On the other hand, I will probably never forget this year, but not because of its enjoyability!

Last year was the year of the plague of slugs, this year has seen an unparalleled drought coupled with a massive invasion of burrowing and gnawing rodents that truly decimated my entire garden.

Moreover, since mid April, all I have been able to do is water, water, water! This will sound pretty unbelievable when I tell you that since mid April, here in my bit of paradise, we have had less than a dozen days of any kind of rain at all.

I am pretty fortunate in having a large lake next to my house from which I am able to draw water to keep the garden going.

Unfortunately, I am not the owner of this piece of land and the pump being used to draw the water up into my garden is owned and also used by the landlord and for whatever reason he always manages to find some way to sabotage my gardening efforts.

My first crop of salad plants and early flowers, such as Aquilegia, daffodils, tulips and my ever faithful forget me nots were great, but then came the great drying up and on my greedy, sandy soil I was left with real issues keeping everything moist and life-supporting.

Then the little holes in the garden began appearing. At first I thought it was moles and knowing that these fellows are generally harmless, I didn’t pay all that much attention to them. Later, when I gradually noticed that my potatoes were not developing properly, and other crops, too, I decided to investigate further and discovered that these animals – I assume they are voles – had been busy developing a little underground settlement all over my garden and were absolutely loving and enjoying my entire crop.

At first viewing – upon digging into the soil just below the surface – my potatoes looked to be doing fine. There were healthy tubers visible and the upper plant looked fine, but then over time, the progress that I was expecting just didn’t seem to be happening.

Later examination of the situation revealed that these animals had been gnawing away at not just the entire root system of the potatoes, but also the tubers themselves. About thirty to forty percent of all the tubers were being slowly eaten by these little animals.

Of course, it has been a hard year for them too. I have read somewhere that normally, their preferred diet is the succulent roots of the grass plant, but this year all of our lawns suffered dreadfully from the lack of rain. Consequently, my nicely prepared fresh new growth was a veritable smorgasbord for the little devils.

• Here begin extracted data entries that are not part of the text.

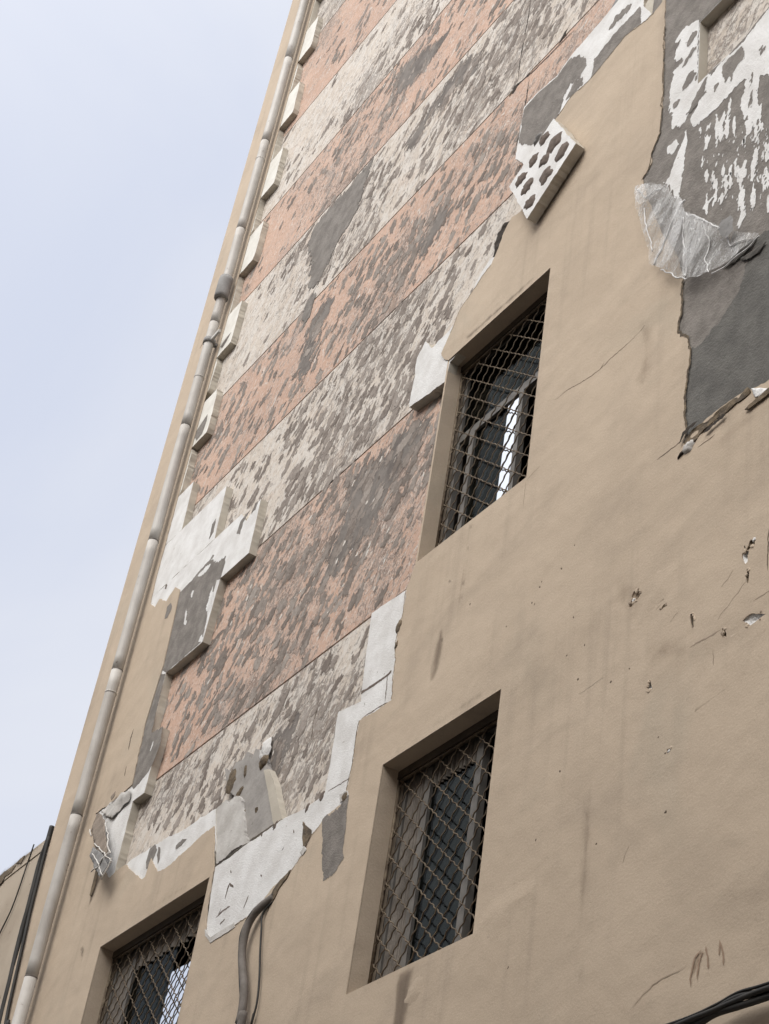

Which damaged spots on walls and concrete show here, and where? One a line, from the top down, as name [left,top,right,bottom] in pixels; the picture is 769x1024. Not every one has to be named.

peeling [663,8,769,229]
spalling [677,387,769,459]
peeling [198,553,225,577]
spalling [743,537,756,582]
peeling [226,754,269,796]
peeling [293,790,349,881]
peeling [89,847,108,897]
spalling [205,870,235,943]
spalling [268,870,291,908]

By the time I finally realised the severity of the problem at hand, the damage had already been done. A whole potato crop decimated, my beans all dying after their roots were decapitated at the surface, the same thing happened to my peas. Interestingly enough, my onions were the only crop to have any kind of success this year. Maybe the strong taste put them off, but at least I enjoyed an early crop of Alliums, if nothing else.

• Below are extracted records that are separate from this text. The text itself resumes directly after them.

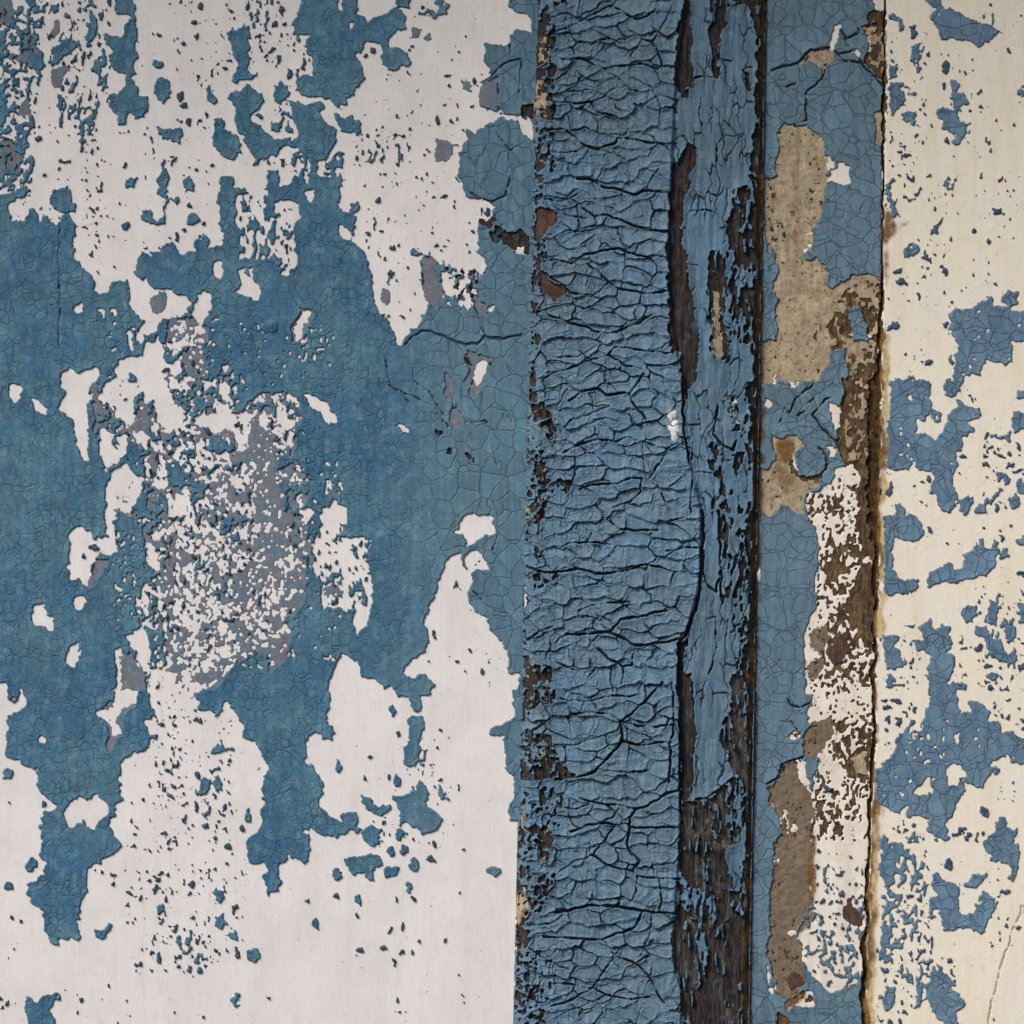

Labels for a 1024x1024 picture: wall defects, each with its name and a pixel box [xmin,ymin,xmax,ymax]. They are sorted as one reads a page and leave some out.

peeling [0,0,551,1024]
crack [525,6,730,1006]
peeling [682,919,701,1007]
peeling [682,799,735,975]
peeling [724,0,1024,1024]

Later in the season, it was devastating and bordering on ridiculous to observe how overnight, my carrots were being devoured from below. One minute the lovely fresh growth was standing proud, the next, they were being eaten away from beneath the soil. First the root was munched away, and then the top growth was pulled down into the hole left by the missing root and then there was nothing. An utter disaster.

So, has there been any success this year? Well, yes and no! For the first time, the hot, dry weather enabled me to have bumper crops of Water melon, tomatoes, cucumbers, aubergines and chillies. Unfortunately, these are what I call temporary friends, because they can not so easily be stored for later use – at least not in their original state. My staples, my spuds, peas, beans, beetroot etc. were all totally wiped out. I must say, it has been mostly a quite depressing gardening year.

In fact, so much so that it has crossed my mind to give the garden up and just mess about with nursing a collection of my favourite plants: Gaura lindheimerei! Here is one species of plant that seems to thrive in this current climate!

More blog posts by persephonexaris

Previous post: A five year warm up!



Comments

 

I do sympathise with your predicaments and am amazed that you still have a great sense of humour.

Growing vegetables seems a hazardous occupation . It's something my husband doesn't do, though I complain. Perhaps he's right!

I seemed to be rescuing animals this year: birds, voles (sorry), field mice, even wasps! Read the other day that there are fewer wasps around so I have been risking life and limb (!!) by shooing them out of the house instead of reaching for the fly swot. Seems they do some pollination and honey bees are scarce in our garden.

Gaura lindheimerei: new to me but who wouldn't be attracted to a plant with a romantic name like "Whirling butterflies"!

11 Oct, 2018

 

It's depressing when all your hard work is thwarted by nature, as if you hadn't enough to contend with, with the drought and heat, trying to keep things alive, only to find that the little beasts are also against you.
We too have voles, the grass (daren't call it a lawn) is full of holes and a visiting dog we had here was fascinated and followed the burrows (presumably) with his nose to the ground. There are hundreds of them, stand still at dusk and a little head pops up somewhere!
Being on clay the grass/weeds have survived fairly well so they have enough to eat - but where are the owls when you need them?

11 Oct, 2018

 

You poor soul, how very disappointing and frustrating. A possible solution might be to get a good cat - females are the best hunters. Not a nice thought but its clearly a case of them or you... The last one we had even caught moles - but now she has gone to glory there's a large molehill appeared in the lawn...
You will probably be a hero to your voles though, for seeing them through a difficult season...

12 Oct, 2018

 

Sorry to hear about your garden problems but it's nice that you had some success with water melons etc.
I hope your garden does better next year.
Summer is not my favourite season I must say. It's always too hot or too wet.